Data shown.
--

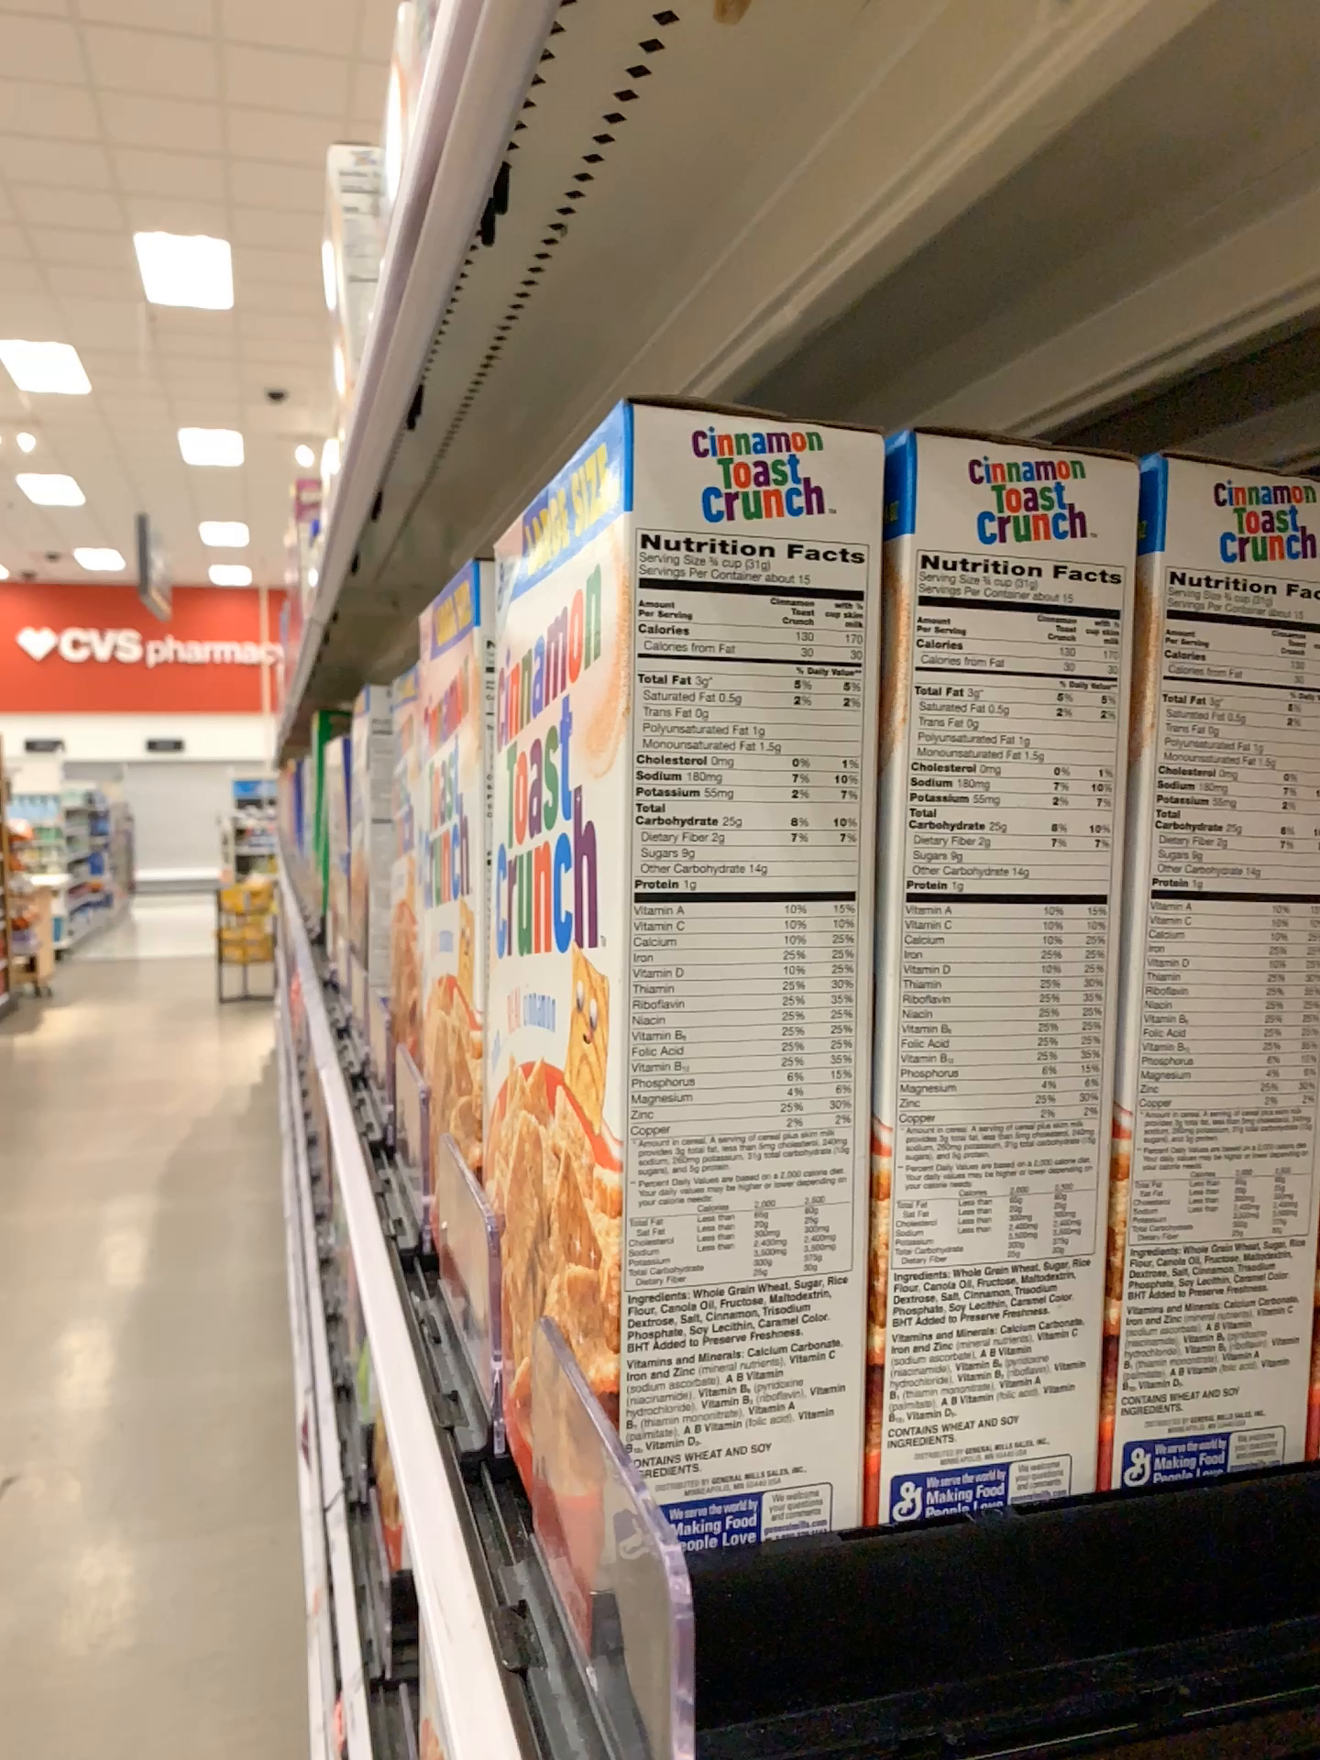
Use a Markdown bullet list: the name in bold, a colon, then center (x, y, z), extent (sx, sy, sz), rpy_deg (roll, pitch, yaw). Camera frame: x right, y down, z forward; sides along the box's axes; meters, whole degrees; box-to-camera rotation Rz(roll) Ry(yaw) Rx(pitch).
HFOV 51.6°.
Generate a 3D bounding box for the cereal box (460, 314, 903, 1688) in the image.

--

Task description.
Leave out the pictures and return the listing exactly.

Response to this task.
Use a Markdown bullet list: the name in bold, a colon, then center (x, y, z), extent (sx, sy, sz), rpy_deg (roll, pitch, yaw). Camera frame: x right, y down, z forward; sides along the box's axes; meters, whole degrees; box-to-camera rotation Rz(roll) Ry(yaw) Rx(pitch).
HFOV 51.6°.
Generate a 3D bounding box for the cereal box (460, 314, 903, 1688) in the image.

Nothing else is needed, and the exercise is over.